_Exercise aim_: When you reach the line that contains "table_cell [1110, 944, 1122, 988]" in the data below, start reproducing lines exactly, and stop after the line that contains "table_cell Persuna li".

_Source material_:
****************************************
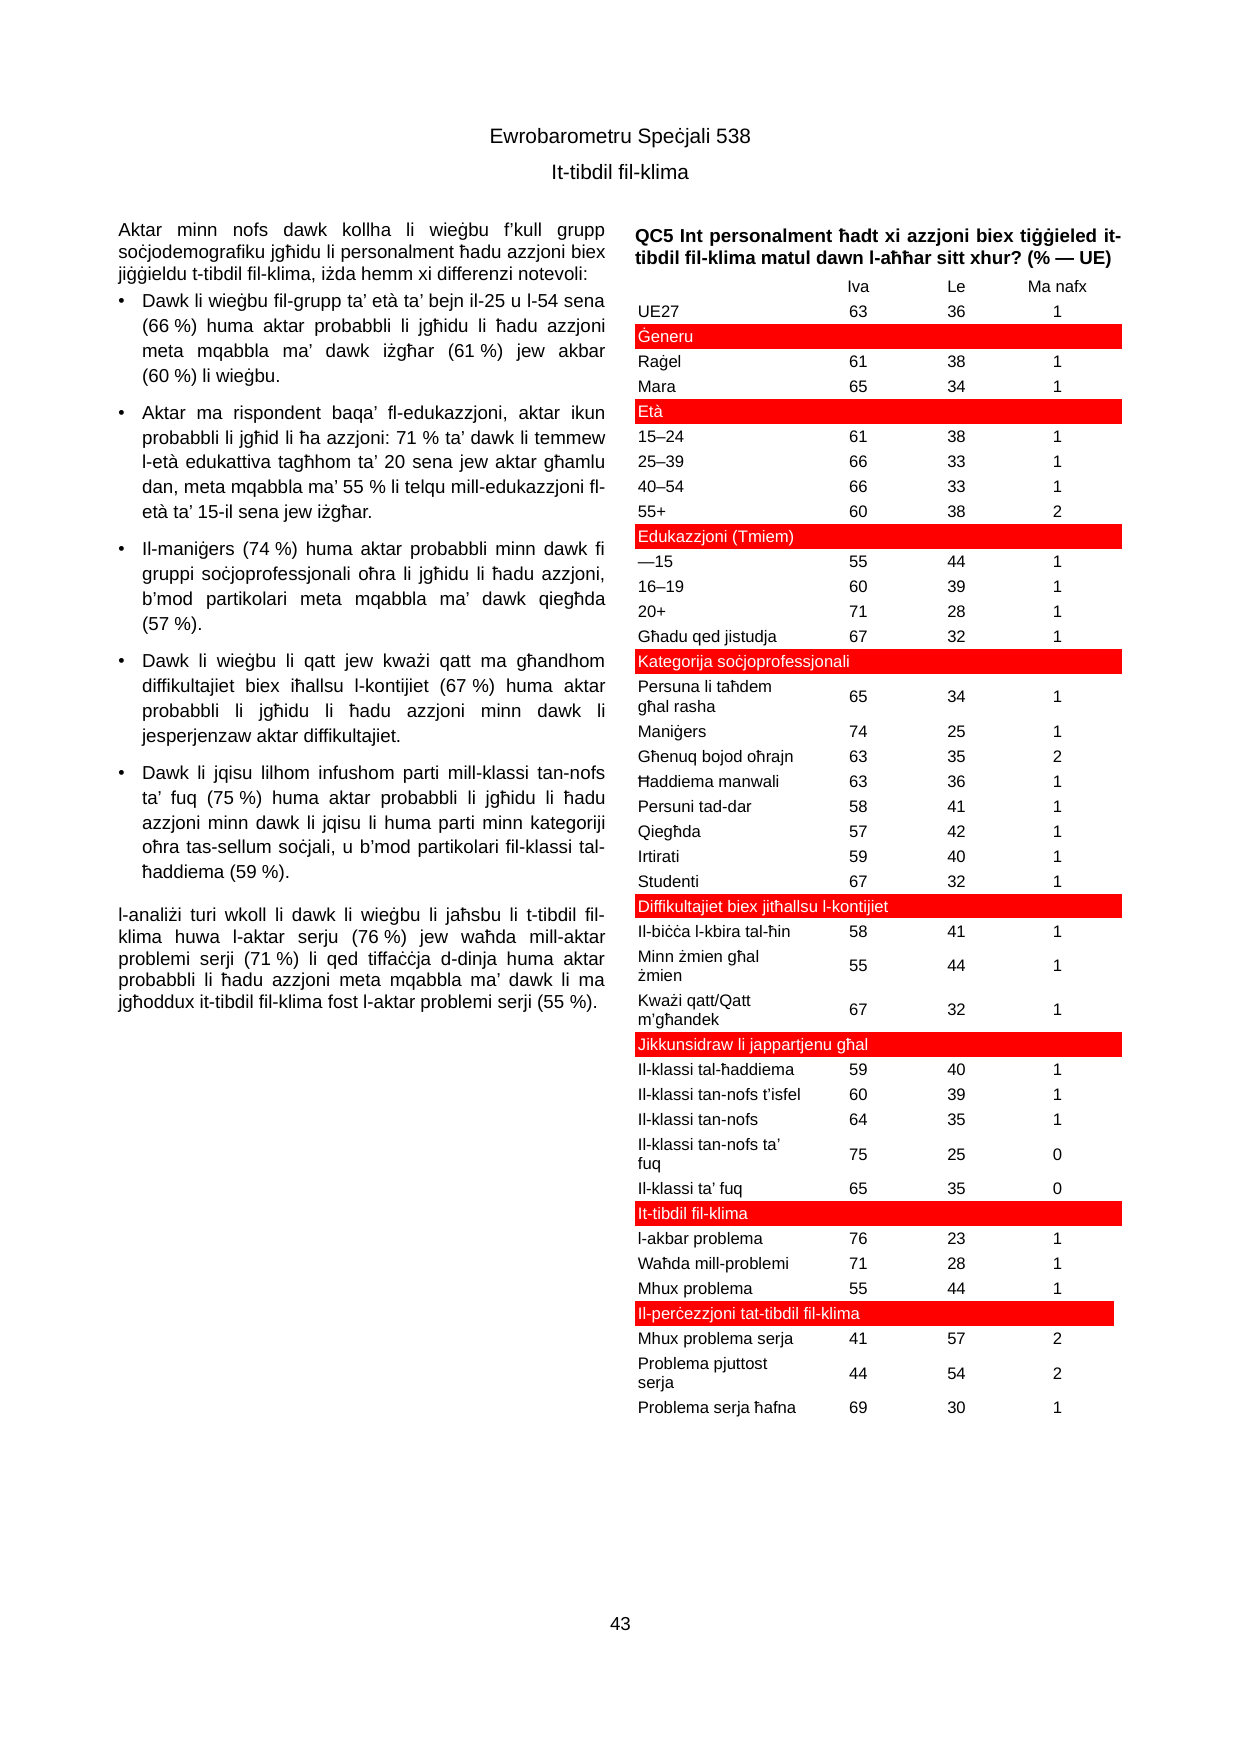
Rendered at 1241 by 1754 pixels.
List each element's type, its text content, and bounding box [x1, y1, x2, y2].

table_cell 1 [1005, 599, 1109, 624]
table_cell Ħaddiema manwali [635, 769, 808, 793]
table_cell 1 [1005, 794, 1109, 818]
table_cell 55 [808, 944, 908, 988]
table_cell Mara [635, 374, 808, 399]
table_cell 28 [908, 599, 1005, 624]
table_cell [1110, 1251, 1122, 1276]
table_cell 25 [908, 1132, 1005, 1176]
table_cell 1 [1005, 919, 1109, 943]
table_cell 2 [1005, 1326, 1109, 1351]
text Aktar minn nofs dawk kollha li wieġbu f’kull grupp soċjodemografiku jgħidu li personalment ħadu azzjoni biex jiġġieldu t-tibdil fil-klima, iżda hemm xi differenzi notevoli: [118, 219, 605, 284]
table_cell 59 [808, 1057, 908, 1082]
table_cell 65 [808, 374, 908, 399]
table_cell 57 [808, 819, 908, 843]
table_cell 60 [808, 1082, 908, 1107]
table_cell [1110, 1276, 1122, 1301]
table_cell 33 [908, 474, 1005, 499]
table_header Iva [808, 274, 908, 299]
table_cell 38 [908, 424, 1005, 449]
table_cell 55 [808, 1276, 908, 1301]
table_cell 34 [908, 674, 1005, 718]
table_cell 60 [808, 574, 908, 599]
table_cell 40–54 [635, 474, 808, 499]
table_cell 2 [1005, 1351, 1109, 1395]
table_cell Il-klassi tan-nofs [635, 1107, 808, 1132]
table_cell [1110, 1351, 1122, 1395]
table_cell 1 [1005, 1082, 1109, 1107]
table_cell 1 [1005, 1107, 1109, 1132]
table_cell [1110, 424, 1122, 449]
table_cell 39 [908, 574, 1005, 599]
table_cell 41 [908, 794, 1005, 818]
table_cell 1 [1005, 944, 1109, 988]
table_cell [1110, 919, 1122, 943]
text QC5 Int personalment ħadt xi azzjoni biex tiġġieled it-tibdil fil-klima matul dawn l-aħħar sitt xhur? (% — UE) [635, 225, 1122, 268]
table_cell Ġeneru [635, 324, 1122, 349]
table_cell 58 [808, 919, 908, 943]
table_cell 1 [1005, 988, 1109, 1032]
table_cell [1110, 549, 1122, 574]
table_cell 16–19 [635, 574, 808, 599]
table_cell Jikkunsidraw li jappartjenu għal [635, 1032, 1122, 1057]
table_cell l-akbar problema [635, 1226, 808, 1251]
table_cell Qiegħda [635, 819, 808, 843]
table_cell 63 [808, 299, 908, 324]
table_cell 23 [908, 1226, 1005, 1251]
table_cell Persuni tad-dar [635, 794, 808, 818]
table_cell [1110, 624, 1122, 649]
table_cell Il-perċezzjoni tat-tibdil fil-klima [635, 1301, 1114, 1326]
table_cell 1 [1005, 574, 1109, 599]
table_cell 55 [808, 549, 908, 574]
table_cell Edukazzjoni (Tmiem) [635, 524, 1122, 549]
table_cell 63 [808, 769, 908, 793]
table_cell Problema serja ħafna [635, 1395, 808, 1420]
table_cell 66 [808, 474, 908, 499]
table_cell Għenuq bojod oħrajn [635, 744, 808, 768]
table_cell 71 [808, 1251, 908, 1276]
table_cell Il-klassi ta’ fuq [635, 1176, 808, 1201]
table_cell [1110, 474, 1122, 499]
table_cell 1 [1005, 549, 1109, 574]
table_cell [1110, 1132, 1122, 1176]
table_cell —15 [635, 549, 808, 574]
table_cell 1 [1005, 719, 1109, 743]
table_cell 36 [908, 769, 1005, 793]
table_cell 20+ [635, 599, 808, 624]
table_cell 1 [1005, 349, 1109, 374]
table_header [1110, 274, 1122, 299]
table_cell 42 [908, 819, 1005, 843]
table_cell 61 [808, 349, 908, 374]
table_cell Diffikultajiet biex jitħallsu l-kontijiet [635, 894, 1122, 918]
table_cell Il-klassi tan-nofs t’isfel [635, 1082, 808, 1107]
table_cell 41 [808, 1326, 908, 1351]
table_cell 38 [908, 499, 1005, 524]
table_cell 64 [808, 1107, 908, 1132]
table_cell Minn żmien għal żmien [635, 944, 808, 988]
list Dawk li wieġbu li qatt jew kważi qatt ma għandhom diffikultajiet biex iħallsu l-kontijiet (67 %) huma aktar probabbli li jgħidu li ħadu azzjoni minn dawk li jesperjenzaw aktar diffikultajiet. [118, 650, 605, 746]
table_cell [1110, 349, 1122, 374]
table_cell [1110, 1057, 1122, 1082]
table_cell 30 [908, 1395, 1005, 1420]
table_cell [1114, 1301, 1122, 1326]
table_cell UE27 [635, 299, 808, 324]
table_cell [1110, 844, 1122, 868]
list Dawk li jqisu lilhom infushom parti mill-klassi tan-nofs ta’ fuq (75 %) huma aktar probabbli li jgħidu li ħadu azzjoni minn dawk li jqisu li huma parti minn kategoriji oħra tas-sellum soċjali, u b’mod partikolari fil-klassi tal-ħaddiema (59 %). [118, 762, 605, 883]
table_cell [1110, 744, 1122, 768]
table_header Ma nafx [1005, 274, 1109, 299]
table_cell [1110, 769, 1122, 793]
table_cell 34 [908, 374, 1005, 399]
table_cell 1 [1005, 449, 1109, 474]
list Il-maniġers (74 %) huma aktar probabbli minn dawk fi gruppi soċjoprofessjonali oħra li jgħidu li ħadu azzjoni, b’mod partikolari meta mqabbla ma’ dawk qiegħda (57 %). [118, 538, 605, 634]
table_cell Maniġers [635, 719, 808, 743]
table_cell [1110, 374, 1122, 399]
table_cell 1 [1005, 674, 1109, 718]
table_cell 1 [1005, 474, 1109, 499]
table_cell 61 [808, 424, 908, 449]
table_cell Studenti [635, 869, 808, 893]
table_cell 67 [808, 624, 908, 649]
table_cell 54 [908, 1351, 1005, 1395]
table_cell Raġel [635, 349, 808, 374]
table_cell 67 [808, 869, 908, 893]
table_cell 74 [808, 719, 908, 743]
table_cell 1 [1005, 819, 1109, 843]
table_cell 55+ [635, 499, 808, 524]
table_cell 35 [908, 1176, 1005, 1201]
table_cell 44 [908, 944, 1005, 988]
table_cell 65 [808, 674, 908, 718]
table_cell Waħda mill-problemi [635, 1251, 808, 1276]
table_header [635, 274, 808, 299]
table_cell 1 [1005, 424, 1109, 449]
table_cell 1 [1005, 1057, 1109, 1082]
table_cell 1 [1005, 869, 1109, 893]
table_cell 71 [808, 599, 908, 624]
table_header Le [908, 274, 1005, 299]
table_cell [1110, 944, 1122, 988]
table_cell [1110, 794, 1122, 818]
table_cell Persuna li taħdem għal rasha [635, 674, 808, 718]
list Dawk li wieġbu fil-grupp ta’ età ta’ bejn il-25 u l-54 sena (66 %) huma aktar probabbli li jgħidu li ħadu azzjoni meta mqabbla ma’ dawk iżgħar (61 %) jew akbar (60 %) li wieġbu. [118, 290, 605, 386]
table_cell 1 [1005, 1276, 1109, 1301]
table_cell 2 [1005, 744, 1109, 768]
table_cell 67 [808, 988, 908, 1032]
table_cell 1 [1005, 624, 1109, 649]
table_cell 65 [808, 1176, 908, 1201]
table_cell 2 [1005, 499, 1109, 524]
table_cell [1110, 499, 1122, 524]
table_cell 1 [1005, 769, 1109, 793]
table_cell 28 [908, 1251, 1005, 1276]
table_cell [1110, 574, 1122, 599]
table_cell [1110, 869, 1122, 893]
table_cell [1110, 1176, 1122, 1201]
table_cell 63 [808, 744, 908, 768]
table_cell 0 [1005, 1176, 1109, 1201]
table_cell 15–24 [635, 424, 808, 449]
table_cell 66 [808, 449, 908, 474]
table_cell 1 [1005, 374, 1109, 399]
table_cell Mhux problema [635, 1276, 808, 1301]
list Aktar ma rispondent baqa’ fl-edukazzjoni, aktar ikun probabbli li jgħid li ħa azzjoni: 71 % ta’ dawk li temmew l-età edukattiva tagħhom ta’ 20 sena jew aktar għamlu dan, meta mqabbla ma’ 55 % li telqu mill-edukazzjoni fl-età ta’ 15-il sena jew iżgħar. [118, 402, 605, 522]
table_cell 40 [908, 1057, 1005, 1082]
table_cell [1110, 1107, 1122, 1132]
table_cell 39 [908, 1082, 1005, 1107]
table_cell 32 [908, 624, 1005, 649]
table_cell [1110, 599, 1122, 624]
table_cell [1110, 1226, 1122, 1251]
table_cell Mhux problema serja [635, 1326, 808, 1351]
table_cell 44 [908, 1276, 1005, 1301]
table_cell Età [635, 399, 1122, 424]
table_cell 60 [808, 499, 908, 524]
table_cell 76 [808, 1226, 908, 1251]
table_cell 25 [908, 719, 1005, 743]
table_cell It-tibdil fil-klima [635, 1201, 1122, 1226]
table_cell 35 [908, 1107, 1005, 1132]
table_cell 38 [908, 349, 1005, 374]
table_cell [1110, 1082, 1122, 1107]
table_cell 1 [1005, 844, 1109, 868]
table_cell 1 [1005, 1226, 1109, 1251]
table_cell 57 [908, 1326, 1005, 1351]
table_cell Problema pjuttost serja [635, 1351, 808, 1395]
table_cell 58 [808, 794, 908, 818]
table_cell [1110, 988, 1122, 1032]
table_cell 44 [808, 1351, 908, 1395]
table_cell 59 [808, 844, 908, 868]
table_cell [1110, 1326, 1122, 1351]
table_cell 35 [908, 744, 1005, 768]
table_cell [1110, 299, 1122, 324]
table_cell Il-biċċa l-kbira tal-ħin [635, 919, 808, 943]
table_cell Kategorija soċjoprofessjonali [635, 649, 1122, 674]
table_cell 41 [908, 919, 1005, 943]
table_cell 69 [808, 1395, 908, 1420]
text l-analiżi turi wkoll li dawk li wieġbu li jaħsbu li t-tibdil fil-klima huwa l-aktar serju (76 %) jew waħda mill-aktar problemi serji (71 %) li qed tiffaċċja d-dinja huma aktar probabbli li ħadu azzjoni meta mqabbla ma’ dawk li ma jgħoddux it-tibdil fil-klima fost l-aktar problemi serji (55 %). [118, 904, 605, 1012]
table_cell 1 [1005, 1251, 1109, 1276]
table_cell 1 [1005, 299, 1109, 324]
table_cell [1110, 449, 1122, 474]
table_cell [1110, 819, 1122, 843]
table_cell 75 [808, 1132, 908, 1176]
table_cell 44 [908, 549, 1005, 574]
table_cell 32 [908, 988, 1005, 1032]
table_cell Irtirati [635, 844, 808, 868]
table_cell 40 [908, 844, 1005, 868]
table_cell 36 [908, 299, 1005, 324]
table_cell 32 [908, 869, 1005, 893]
table_cell [1110, 674, 1122, 718]
table_cell Kważi qatt/Qatt m’għandek [635, 988, 808, 1032]
table_cell Il-klassi tal-ħaddiema [635, 1057, 808, 1082]
table_cell [1110, 719, 1122, 743]
table_cell Għadu qed jistudja [635, 624, 808, 649]
table_cell 1 [1005, 1395, 1109, 1420]
table_cell [1110, 1395, 1122, 1420]
table_cell 33 [908, 449, 1005, 474]
table_cell 25–39 [635, 449, 808, 474]
table_cell Il-klassi tan-nofs ta’ fuq [635, 1132, 808, 1176]
table_cell 0 [1005, 1132, 1109, 1176]
****************************************
_Result of the exercise_:
table_cell [1110, 944, 1122, 988]
table_cell [1110, 794, 1122, 818]
table_cell Persuna li taħdem għal rasha [635, 674, 808, 718]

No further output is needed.